Clanton & Associates President Dan Saunders discussed historic fixtures and bulb choices, explaining that color and spectrum of light is important, adding that the blue spectrum of light impacts the human circadian rhythm, as well as animals in the wild. “Anything above 4,000K (Kelvin) is an impact.  The first LEDs, were too high, up to 6,000K and that is too bright [and blue-ish]. Xcel Energy replaced yours with 3,000 Kelvin (Warm White) LEDs.”

“We ask – where is light needed?” he continued. “That’s at intersection and mid-block, or areas that are commercial, and have more pedestrians. There is no need to have a lot of light at 2:00 a.m., but provide just enough light so people can see, distributing it where people need it; this also saves a lot more energy.”

He went on to point out that business signage is a component of a city’s lighting plan. “Consider limits on the brightness of sign illumination. That big Palace Hotel sign [on lower F Street], the lights on your baseball field by the river — right now they aren’t dark sky-compliant.”

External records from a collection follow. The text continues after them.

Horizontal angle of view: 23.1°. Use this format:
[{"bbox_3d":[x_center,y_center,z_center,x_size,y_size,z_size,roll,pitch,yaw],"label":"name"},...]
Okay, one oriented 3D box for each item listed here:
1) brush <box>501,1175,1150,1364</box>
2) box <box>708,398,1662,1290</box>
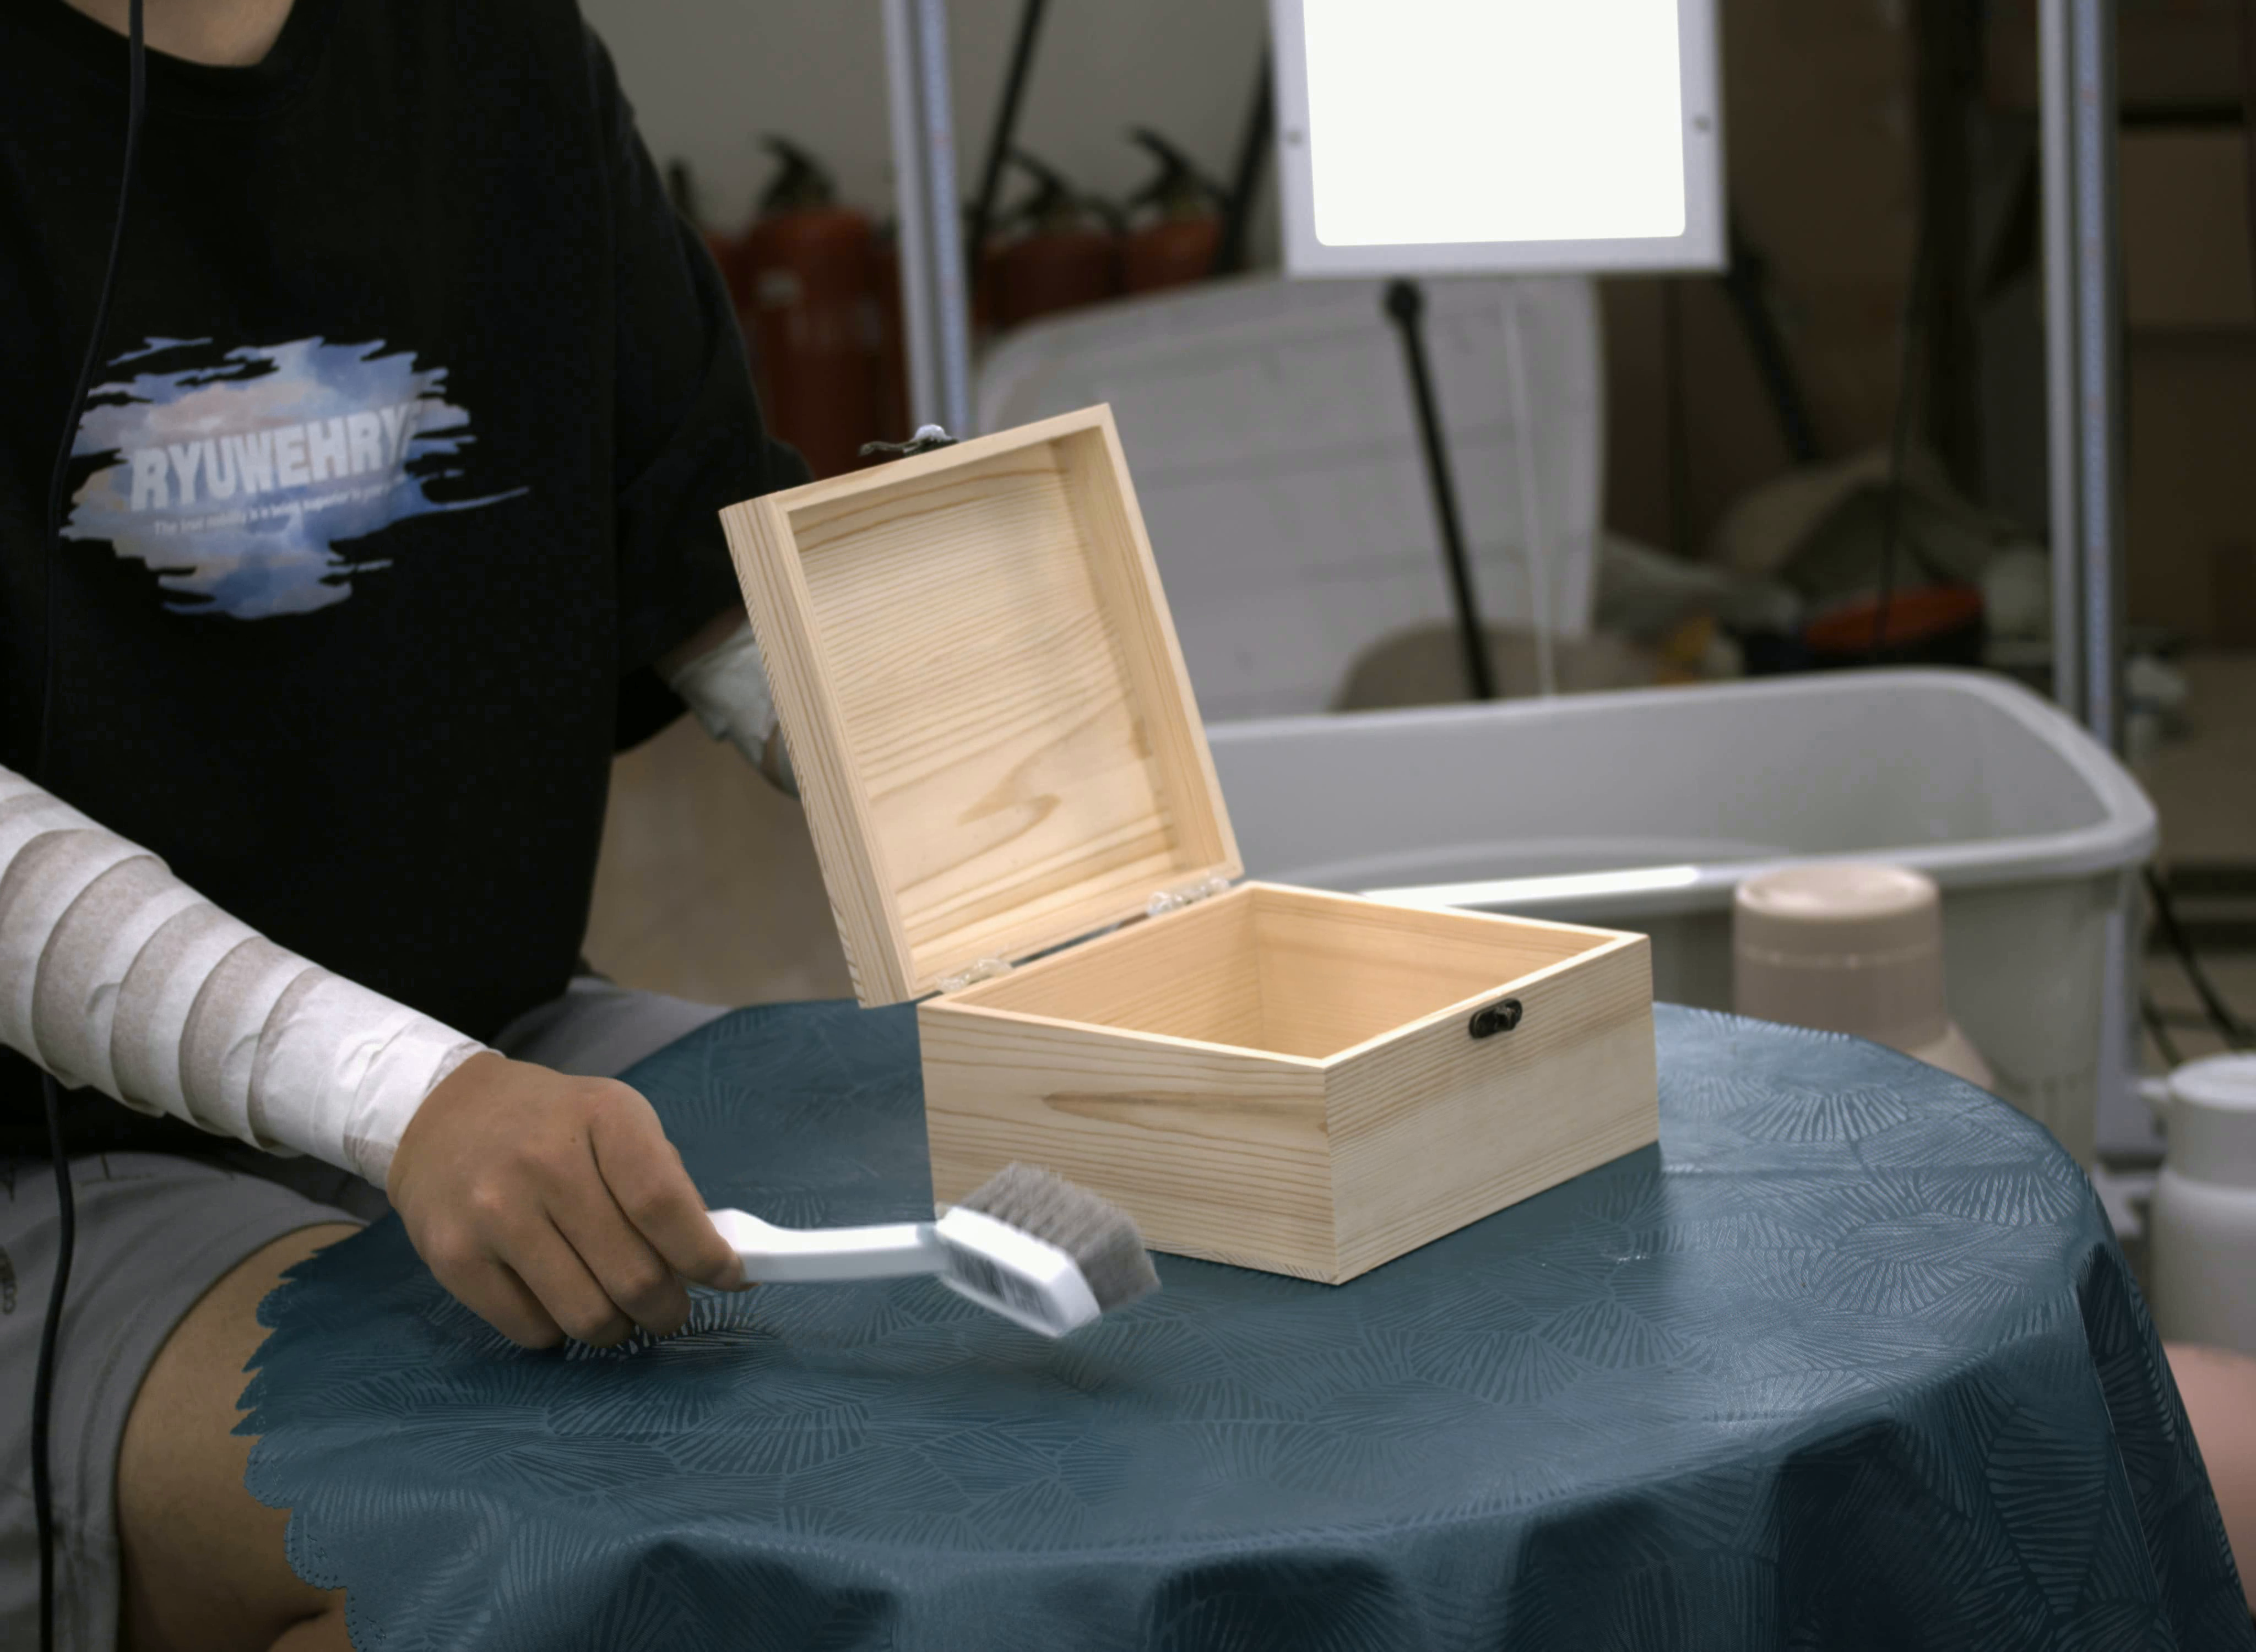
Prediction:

Dark Sky Community Certification Explained

Image courtesy Scott Dankof for San Luis Valley Great Outdoors (SLV GO)

A special presentation explaining how communities can qualify to become part of what is called “dark sky-certified” was also given by Dani Robben, Community Connections Coordinator from San Luis Valley Great Outdoors (SLV GO).

To begin, it was noted that there is a nearby precedent in Central Colorado; Custer County and Westcliffe have claimed to be the first international dark sky community. In fact, their campaign included Crestone, La Veta, Creede, Westcliffe and Silver Cliff and they won an international award for their efforts.

Robben stated that light pollution is increasing at twice the rate of global population growth, yet so is the popularity of dark sky gazing.

The current state however, is not favorable: 8 out of 10 people live under a light-polluted night sky, so much would need to be done. Robben went on to say that 30 percent of outdoor light is wasted in the United States, with a cost of 3.3 billion dollars annually. Further, Artificial Lighting At Night (ALAN), especially of the blue-white type is impactful to human and animal health.

San Luis Valley Great Outdoors, the group that has organized in the San Luis Valley to provide outdoor recreation is proposing a dark sky “reserve” in south-central Colorado. Called the Sangre de Cristo Dark Sky Reserve, the proposed concept would stretch from the southern portion of Chaffee County on the north to Huerfano and Saguache counties to the south. It could potentially be the largest dark sky reserve in the world; some 4,000 square miles.

Communities are given five years to satisfy the criteria. Every community in the reserve would need to adopt a Dark Sky lighting management plan –  county and city ordinances regulate it, but there are shared standards across the reserve region. There are seven basic policies that impact whether a community or county can become a certified “dark sky” area, where light pollution does not obscure the night sky. They include:

  • Public street lighting and private property controlled by a lighting ordinance
  • Community commitment (5 years to get the certification)
  • Broad stakeholder support
  • Dark Sky education
  • Demonstrated success
  • A measurement program
  • Dark Sky community signs

Many people don’t realize that lighting accounts for:

  • 19 percent of global energy use
  • 5 percent of global greenhouse gases
  • Shielding light and lowering levels actually enhances safety by minimizing glare.
  • High Kelvin (blue-rich) light causes harmful glare, and threatens people, animals, and birds; dark skies are important for bird migration.